However, on the morning of 7 October 1944, the camp resistance warned the Sonderkommando in Crematorium IV that they were to be killed, and the Sonderkommando attacked the SS and Kapos with two machine guns, axes, knives, and grenades, killing three and injuring about a dozen more. Some of the Sonderkommando escaped from the camp, but most were recaptured later the same day. Of those who did not die during the uprising itself, 200 were later forced to strip and lie face down before being shot in the back of the head. A total of 451 Sonderkommandos were killed that day.

== Media portrayals ==
The earliest portrayals of the Sonderkommando were generally unflattering. Miklos Nyiszli, in Auschwitz: A Doctor's Eyewitness Account, described the Sonderkommando as enjoying a virtual feast, complete with chandeliers and candlelight, as other prisoners died of starvation. Nyiszli, an admitted collaborator who assisted Josef Mengele in his medical experiments on Auschwitz prisoners, would appear to have been in a good position to observe the Sonderkommando in action, as he had an office in Krematorium II. But some of his inaccurate physical descriptions of the crematoria diminishes his credibility in this regard. Historian Gideon Greif characterized Nyiszli's writings as among the "myths and other wrong and defamatory accounts" of the Sonderkommando, which flourished in the absence of first-hand testimony by surviving Sonderkommando members.

Primo Levi, in The Drowned and the Saved, characterizes the Sonderkommando as being "akin to collaborators." He said that their testimonies should not be given much credence, since they had much to atone for and would naturally attempt to rehabilitate themselves at the expense of the truth.

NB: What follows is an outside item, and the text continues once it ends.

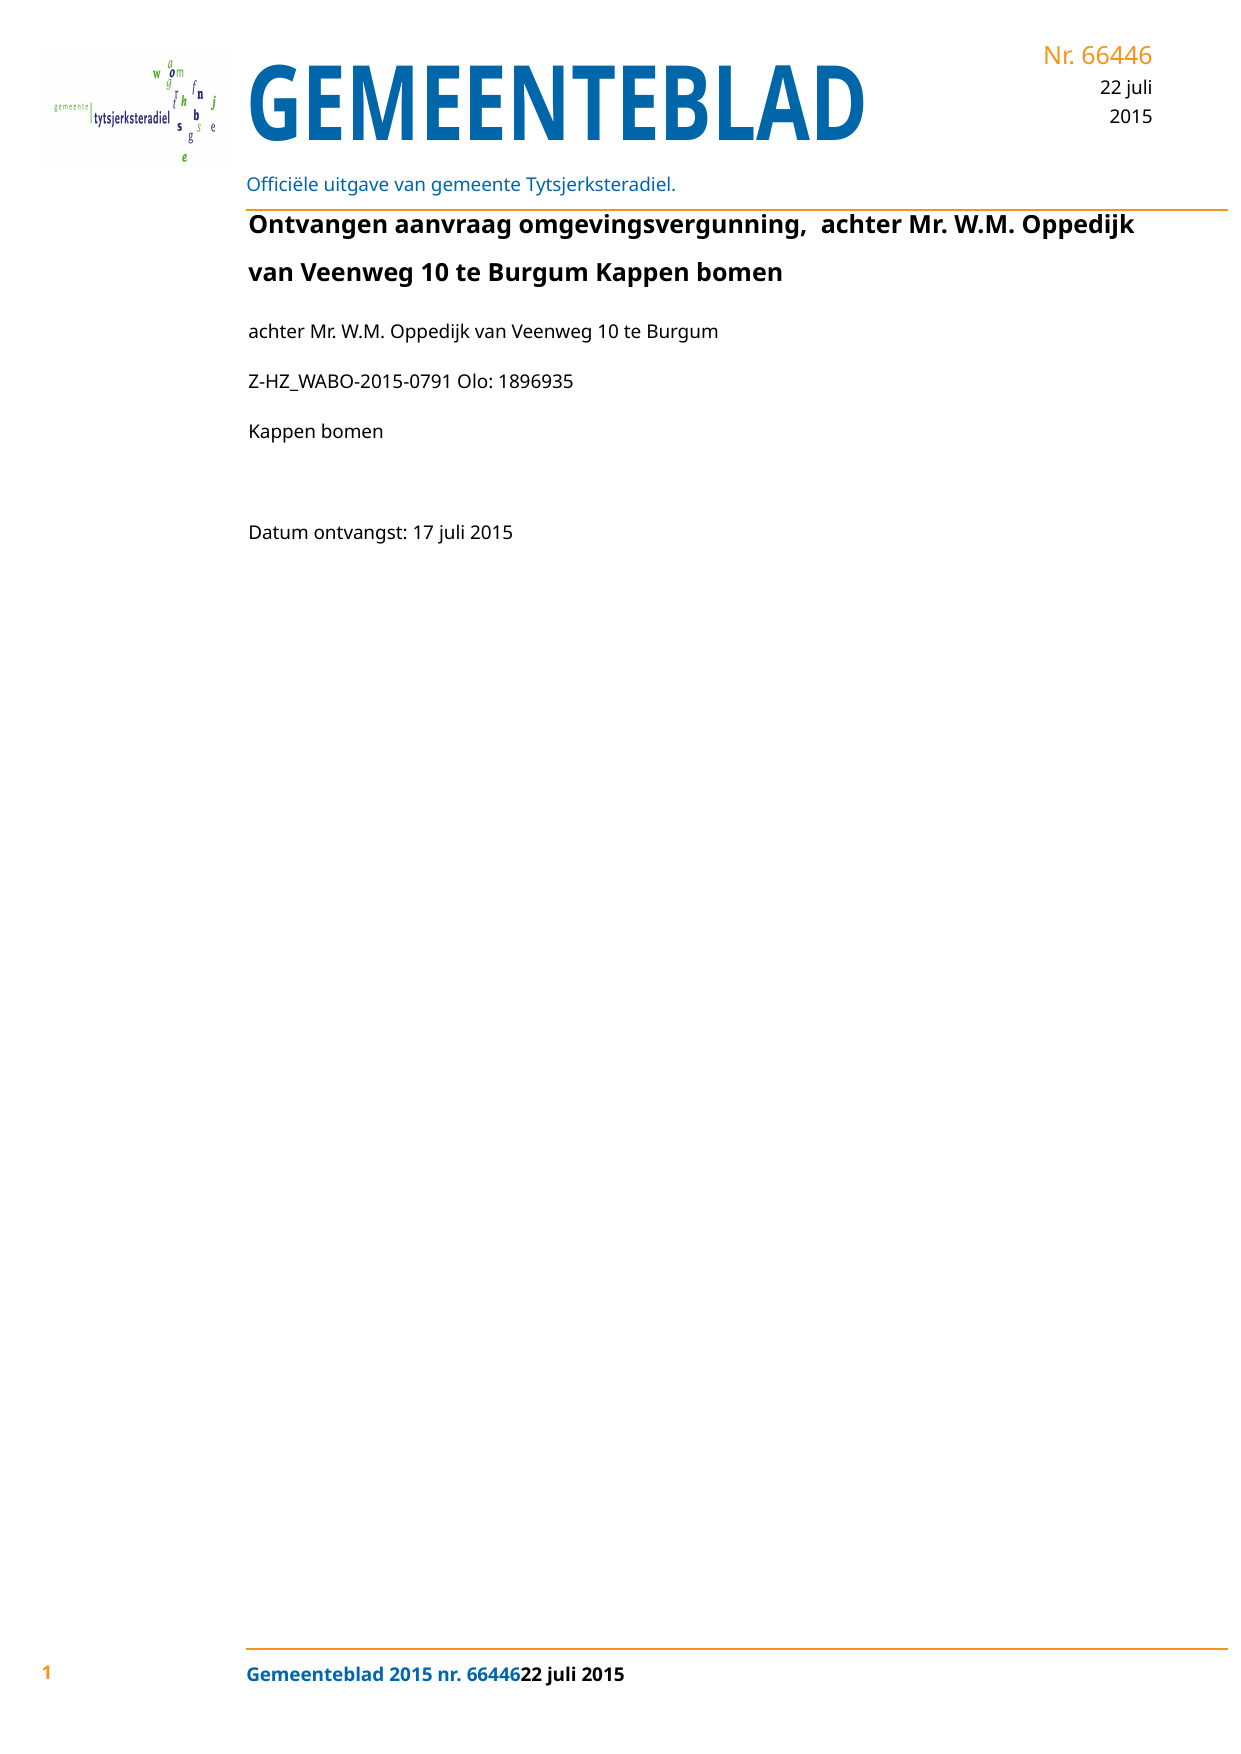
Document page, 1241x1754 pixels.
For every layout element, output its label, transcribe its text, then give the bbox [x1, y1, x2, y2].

But, he asked his readers to refrain from condemnation: "Therefore I ask that we meditate upon the story of 'the crematorium ravens' with pity and rigor, but that judgment of them be suspended."

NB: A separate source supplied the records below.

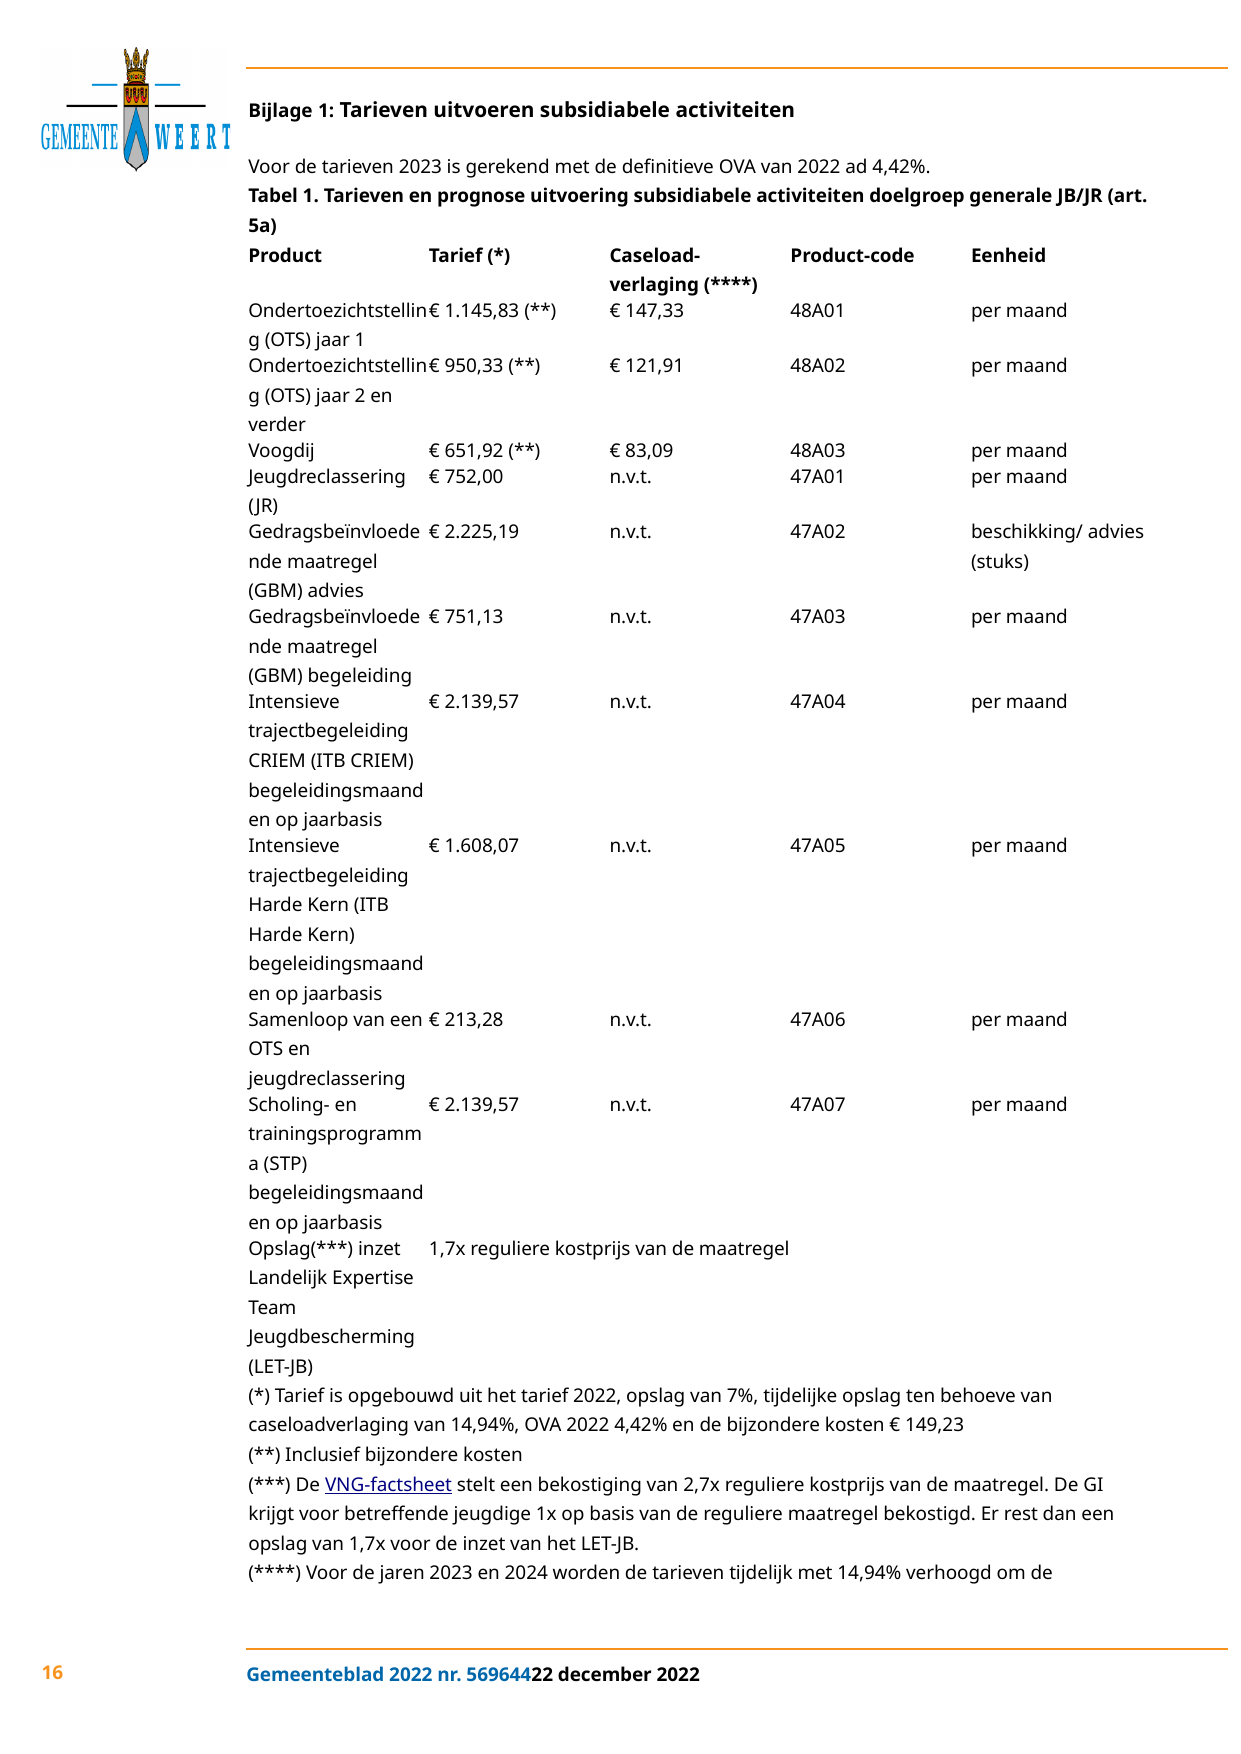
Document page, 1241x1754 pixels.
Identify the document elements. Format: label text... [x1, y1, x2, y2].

picture [41, 47, 231, 172]
table_cell € 2.139,57 [429, 688, 609, 832]
table_cell 48A03 [790, 437, 971, 463]
table_cell Jeugdreclassering (JR) [248, 463, 429, 518]
table_cell Opslag(***) inzet Landelijk Expertise Team Jeugdbescherming (LET-JB) [248, 1235, 429, 1379]
table_cell € 2.225,19 [429, 518, 609, 603]
table_header Caseload- verlaging (****) [609, 242, 790, 297]
text Bijlage 1: Tarieven uitvoeren subsidiabele activiteiten [248, 95, 1152, 123]
table_cell Intensieve trajectbegeleiding Harde Kern (ITB Harde Kern) begeleidingsmaanden op jaarbasis [248, 832, 429, 1006]
table_cell per maand [971, 297, 1152, 352]
table_cell € 950,33 (**) [429, 353, 609, 437]
table_cell € 213,28 [429, 1006, 609, 1091]
table_cell Ondertoezichtstelling (OTS) jaar 1 [248, 297, 429, 352]
table_cell Samenloop van een OTS en jeugdreclassering [248, 1006, 429, 1091]
table_cell € 121,91 [609, 353, 790, 437]
table_cell n.v.t. [609, 518, 790, 603]
table_cell per maand [971, 463, 1152, 518]
table_cell 47A02 [790, 518, 971, 603]
text (*) Tarief is opgebouwd uit het tarief 2022, opslag van 7%, tijdelijke opslag ten behoeve van caseloadverlaging van 14,94%, OVA 2022 4,42% en de bijzondere kosten € 149,23 [248, 1382, 1152, 1437]
table_cell Voogdij [248, 437, 429, 463]
text (**) Inclusief bijzondere kosten [248, 1441, 1152, 1467]
table_cell € 752,00 [429, 463, 609, 518]
table_cell € 147,33 [609, 297, 790, 352]
table_cell n.v.t. [609, 832, 790, 1006]
text (****) Voor de jaren 2023 en 2024 worden de tarieven tijdelijk met 14,94% verhoogd om de [248, 1559, 1152, 1585]
table_cell 47A06 [790, 1006, 971, 1091]
table_cell per maand [971, 353, 1152, 437]
table_cell 47A01 [790, 463, 971, 518]
table_cell € 83,09 [609, 437, 790, 463]
table_cell € 2.139,57 [429, 1091, 609, 1235]
table_cell n.v.t. [609, 603, 790, 688]
table_cell Scholing- en trainingsprogramma (STP) begeleidingsmaanden op jaarbasis [248, 1091, 429, 1235]
table_cell € 1.608,07 [429, 832, 609, 1006]
table_cell Gedragsbeïnvloedende maatregel (GBM) advies [248, 518, 429, 603]
table_cell per maand [971, 832, 1152, 1006]
table_header Tarief (*) [429, 242, 609, 297]
table_cell n.v.t. [609, 1091, 790, 1235]
table_cell 48A02 [790, 353, 971, 437]
table_cell 1,7x reguliere kostprijs van de maatregel [429, 1235, 1152, 1379]
table_cell Gedragsbeïnvloedende maatregel (GBM) begeleiding [248, 603, 429, 688]
table_header Eenheid [971, 242, 1152, 297]
table_cell per maand [971, 688, 1152, 832]
text (***) De VNG-factsheet stelt een bekostiging van 2,7x reguliere kostprijs van de maatregel. De GI krijgt voor betreffende jeugdige 1x op basis van de reguliere maatregel bekostigd. Er rest dan een opslag van 1,7x voor de inzet van het LET-JB. [248, 1471, 1152, 1556]
table_cell € 1.145,83 (**) [429, 297, 609, 352]
table_cell beschikking/ advies (stuks) [971, 518, 1152, 603]
table_cell per maand [971, 603, 1152, 688]
table_header Product [248, 242, 429, 297]
table_cell n.v.t. [609, 1006, 790, 1091]
table_cell 48A01 [790, 297, 971, 352]
table_cell Ondertoezichtstelling (OTS) jaar 2 en verder [248, 353, 429, 437]
text Tabel 1. Tarieven en prognose uitvoering subsidiabele activiteiten doelgroep generale JB/JR (art. 5a) [248, 182, 1152, 238]
table_cell 47A07 [790, 1091, 971, 1235]
table_cell per maand [971, 1091, 1152, 1235]
table_cell € 651,92 (**) [429, 437, 609, 463]
table_header Product-code [790, 242, 971, 297]
table_cell per maand [971, 437, 1152, 463]
table_cell 47A05 [790, 832, 971, 1006]
table_cell per maand [971, 1006, 1152, 1091]
table_cell 47A03 [790, 603, 971, 688]
table_cell n.v.t. [609, 463, 790, 518]
table_cell Intensieve trajectbegeleiding CRIEM (ITB CRIEM) begeleidingsmaanden op jaarbasis [248, 688, 429, 832]
table_cell 47A04 [790, 688, 971, 832]
table_cell € 751,13 [429, 603, 609, 688]
table_cell n.v.t. [609, 688, 790, 832]
text Voor de tarieven 2023 is gerekend met de definitieve OVA van 2022 ad 4,42%. [248, 153, 1152, 179]

Filip Müller was one of the few Sonderkommando members who survived the war and was also unusual in that he served on the Sonderkommando far longer than most. He wrote of his experiences in his book Eyewitness Auschwitz: Three Years in the Gas Chambers (1979). Among other incidents he related, Müller recounted how he tried to enter the gas chamber to die with a group of his countrymen but was dissuaded from suicide by a girl who asked him to remain alive and bear witness.

Since the late 20th century, several other more sympathetic accounts of the Sonderkommando have been published, beginning with Gideon Greif's own book We Wept Without Tears (1999 in Hebrew, 2005 in English), which consists of interviews with former Sonderkommando members. Greif includes as his prologue Gunther Anders' poem "And What Would You Have Done?", which says that one who has not been in that situation has little right to judge the Sonderkommando: "Not you, not me! We were not put to that ordeal!"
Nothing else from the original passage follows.